Funding and renegotiating
Olander says there are two main reasons for African leaders to join the meeting. “We’re talking about getting new funding and renegotiating some of the existing loans. Those are the key priorities for African leaders.” Beijing has given some borrowers more time to repay or made other concessions. Ethiopia reached an agreement in September to extend repayment for a $4 billion railway linking the country with neighboring Djibouti from 10 to 30 years.
Despite debt concerns, Ethiopia and other governments express support for the Belt and Road initiative and went to Beijing to negotiate for more Chinese financing. Kenyan President Uhuru Kenyatta planned to pursue a $3.7 billion loan from Beijing to extend a Chinese-built railway, the Kenyan ambassador to Beijing, Sarah Serem, said. The 962-kilometer (597-mile) project is intended to link Kenya with central Africa and Congo.
Kenya owes Chinese banks $3.2 billion for its first 472-kilometer link from the Indian Ocean port of Mombasa to the capital, Nairobi. For the full project, Kenya will need to borrow almost $10 billion from Beijing. Since the Belt and Road initiative was launched more than 5 years ago, Africa has added four new railways built by China: the Mombasa-Nairobi railway, Addis Ababa- Djibouti (759 km), Abuja- Kaduna (186km) and Angola’s Benguela railway (1,866 km).

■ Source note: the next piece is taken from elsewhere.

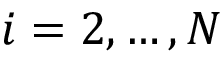Convert formula to latex. <formula><loc_0><loc_0><loc_500><loc_500>i = 2 , \dots , N</formula>

Win-win for China and African countries?
Now that China is much more engaged in Africa, western powers should wake up and give African countries more funding choices. “The Chinese have really helped Africa develop its options and you can see people like President Kenyatta really playing the United States and the Chinese very effectively so that he can maximize his interest for his country. There’s a lot to be learned from what Kenya is doing”, Colander told DW. He thinks that China has made solid contributions to African development. “Look at the number of roads, railways, hospitals, ports, bridges and telecommunications infrastructure that they have built over the past 10 years, funded by Chinese money.”

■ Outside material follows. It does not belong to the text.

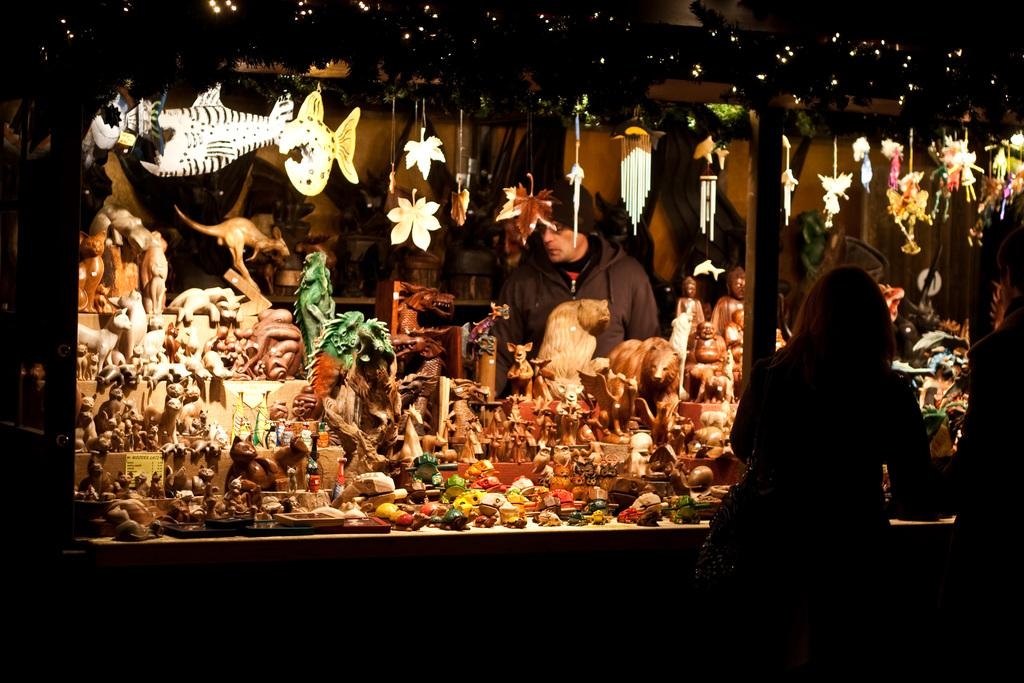What type of art is featured in the image? There are sculptures in the image. What is the platform holding in the image? Small objects are present on a platform in the image. What is hanging at the top of the image? Objects are hanging at the top of the image. Can you describe the people in the image? There are persons in the image. What type of lighting is present in the image? Decorative lights are visible in the image. What other objects can be seen in the image? There are additional objects in the image. What is the reaction of the stone to the peace in the image? There is no stone or peace present in the image; it features sculptures, small objects, hanging objects, persons, decorative lights, and additional objects. 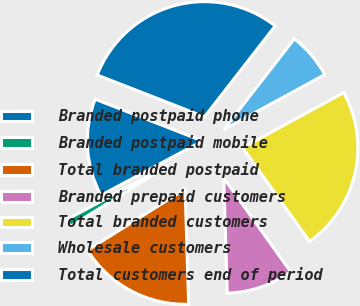Convert chart to OTSL. <chart><loc_0><loc_0><loc_500><loc_500><pie_chart><fcel>Branded postpaid phone<fcel>Branded postpaid mobile<fcel>Total branded postpaid<fcel>Branded prepaid customers<fcel>Total branded customers<fcel>Wholesale customers<fcel>Total customers end of period<nl><fcel>13.73%<fcel>1.09%<fcel>16.58%<fcel>9.38%<fcel>23.08%<fcel>6.53%<fcel>29.6%<nl></chart>

Shikwati disagrees on this aspect. “One would say, yes, infrastructure normally has that longterm effect that will transform their continent. But under the current political dispensation, you notice that it is China that is winning because they build the infrastructure there, they are making use of debt diplomacy. Therefore they are trying to influence how things are done in Africa, specifically how to win business and project tenders.”
At the end of the day, Colander says, the Chinese went to Africa with more money and more engagement than other countries. “And I think that made a sizable impact on the continent.” It all comes down to the situation in which African leaders find themselves at the moment, namely, seeing themselves confronted with a demographic boom that will put another billion people on the continent by 2025. “On the one hand African leaders have to gamble with their children’s future, they have to borrow vast amounts of money in order to build the infrastructure that will create the jobs and the industrialization that will then power their economies for this demographic boom that is coming down the line in Africa.” Global and private markets would charge interest rates up to seven times what the Chinese are charging. “At the end of the day, these African leaders are recognizing that they don’t have a lot of choice.” There is a lot of criticism of African leaders for borrowing too much from China, Colander agrees. “But that does not answer the question “If not China, then who?”